38.On 2 March 2010 at 7:50am Jenny Fraumano responded to the 1 March email from Dr Kelly whereby she informed Dr Kelly that the redundancy processes would be concluded by 5 March and asked Dr Kelly to advise of her availability should she wish to meet (the 2 March email) (Annexure 13, email at 7:50am from Jenny Fraumano to Dr Rosemary Kelly).
Redundancies at Heidelberg Laboratory
39.At the relevant time SDS employed:
(a)Voula Patrikios (Patrikios) for a period of 22 years and 7 months;
(b)Brendan Hamblin (Hamblin) for a period of 19 years and 10 months;
(c)Lena Hena (Hena) for a period 9 years and 4 months; and
(d)Chrystalla Englezou-Masouras (Englezou-Masouras) for a period of 21 years and 2 months.

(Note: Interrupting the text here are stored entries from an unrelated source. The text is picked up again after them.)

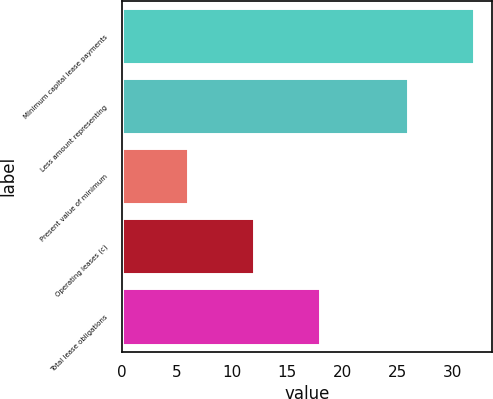Convert chart. <chart><loc_0><loc_0><loc_500><loc_500><bar_chart><fcel>Minimum capital lease payments<fcel>Less amount representing<fcel>Present value of minimum<fcel>Operating leases (c)<fcel>Total lease obligations<nl><fcel>32<fcel>26<fcel>6<fcel>12<fcel>18<nl></chart> 
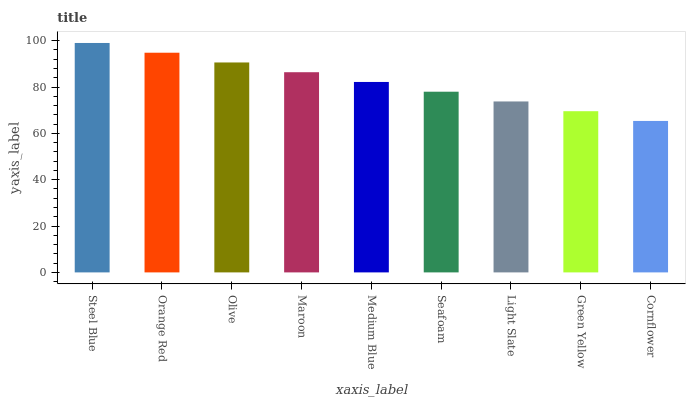Is Cornflower the minimum?
Answer yes or no. Yes. Is Steel Blue the maximum?
Answer yes or no. Yes. Is Orange Red the minimum?
Answer yes or no. No. Is Orange Red the maximum?
Answer yes or no. No. Is Steel Blue greater than Orange Red?
Answer yes or no. Yes. Is Orange Red less than Steel Blue?
Answer yes or no. Yes. Is Orange Red greater than Steel Blue?
Answer yes or no. No. Is Steel Blue less than Orange Red?
Answer yes or no. No. Is Medium Blue the high median?
Answer yes or no. Yes. Is Medium Blue the low median?
Answer yes or no. Yes. Is Olive the high median?
Answer yes or no. No. Is Olive the low median?
Answer yes or no. No.

as medical scientists at the Heidelberg Laboratory. Each of them were members of the HSU.
40.On 25 February 2010 Nankik Indrawulan of SDS calculated the termination and redundancy pays which would be due and payable to:
(a)Patrikios (Annexure 14, redundancy quote estimate prepared on 25 February 2010);
(b)Hamblin (Annexure 15, redundancy quote estimate prepared on 25 February 2010);
(c)Hena (Annexure 16, redundancy quote estimate prepared on 25 February 2010);
41.In the late afternoon of Wednesday 3 March 2010 SDS verbally advised Patrikios that:
(a)her services were no longer required;
(b)a restructure was taking place;
(c)her position was redundant effective immediately,
(d)she would be paid a severance payment in accordance with the Agreement; and
(e)she subsequently received written confirmation of these matters. (Annexure 17, notification of position redundancy dated 3 March 2010 to Patrikios).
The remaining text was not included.